I mean it as a compliment when I confess that I forget that Tomlinson is present. She disappears into the continuum of sound and concentration. We both do. It’s the curious contradiction of music like this, where reduction to the most basic interaction of player and instrument cannot help but transcend both entirely. Within the raw presentation of a person hitting an object resides a portal into the pure abstraction of listening. Needless to say, my most potent experiences with The Space Inside have happened when my eyes have been closed.

2: 26 September 2018

Tomlinson’s solo career has generally seen her favour the live experience over recorded works, due to her interest in pursuing “a sense of intense presence” – a quality that, on the face of it at least, manifests more potently in the performance format. Of course, I can’t escape the fact that there is no physical instrument in front of me when I listen to The Space Inside. Yet as the music persists over time, it gradually sheds this assumption that to be present is a physical trait. As I listen deeper, perceiving sound as vats of liquid into which I am submerged, this “presence” starts to emerge through a process of intense concentration. For the listener, presence is a slow divorce from time – time as a mucilage that melts under the heat of the devoted senses, leaving just sensation and the forces of concentration.

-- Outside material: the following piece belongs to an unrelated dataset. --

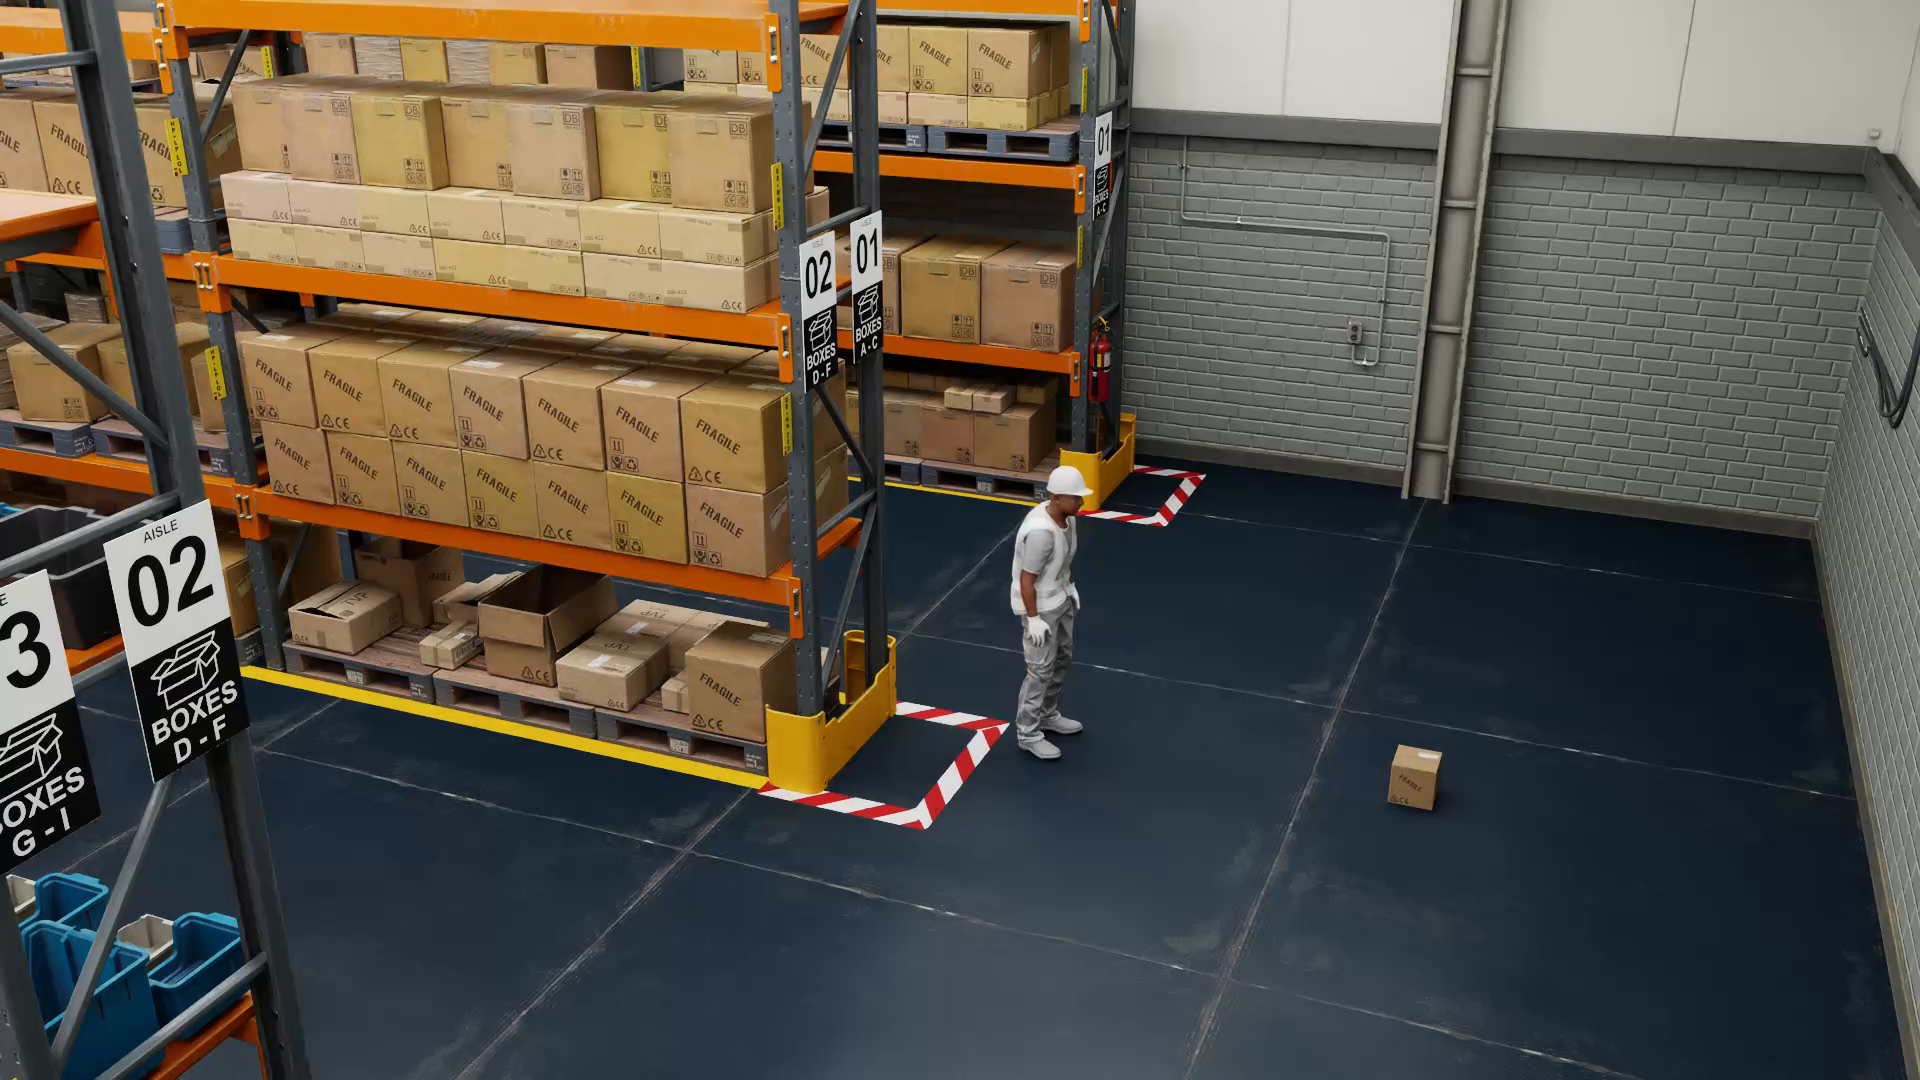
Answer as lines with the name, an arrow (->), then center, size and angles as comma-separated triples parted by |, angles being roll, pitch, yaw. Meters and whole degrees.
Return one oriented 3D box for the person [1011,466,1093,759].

I slide deeper into the alternating hums of the tam tam, separating resonance and the hiss of stirred metal into separate entities, incited to persist by the fact that everything is always changing; tones negotiating and conceding stereo terrain, fluid in their redressing of the boundaries of frequency. The bass drum becomes a duet between rattled plastic and distant thunder – the flimsy complaints of the membrane contrasted with the cautionary prophecy of the skies, once again engrossed in a dialogue of reshaping and competitive occupation. I am kept present by the perseverance of change, unable to let go lest I miss an immaculate collision, or forgo the nourishment of an experience that continues to become deeper and more rewarding. There is no physical instrument in front of me, yet both The Space Inside and I are irrefutably here.

3: 04 October 2018

Today, I’m hearing presences within “Waiting For Solo Bass Drum” that I’ve never noticed before: notably, moments where the rumble seems to sweep up and down with gymnastic zeal, energy levels surging and waning, pitches climbing and falling in accordance with the swelling and subsiding intensity. That chord I observed on 20 September is more pronounced than ever now, promoted from the background to become the track’s central adhesive. Like a face witnessed within an inanimate object, it becomes more intensely defined the longer I spend with it. No longer an accidental byproduct, but the composition’s central message.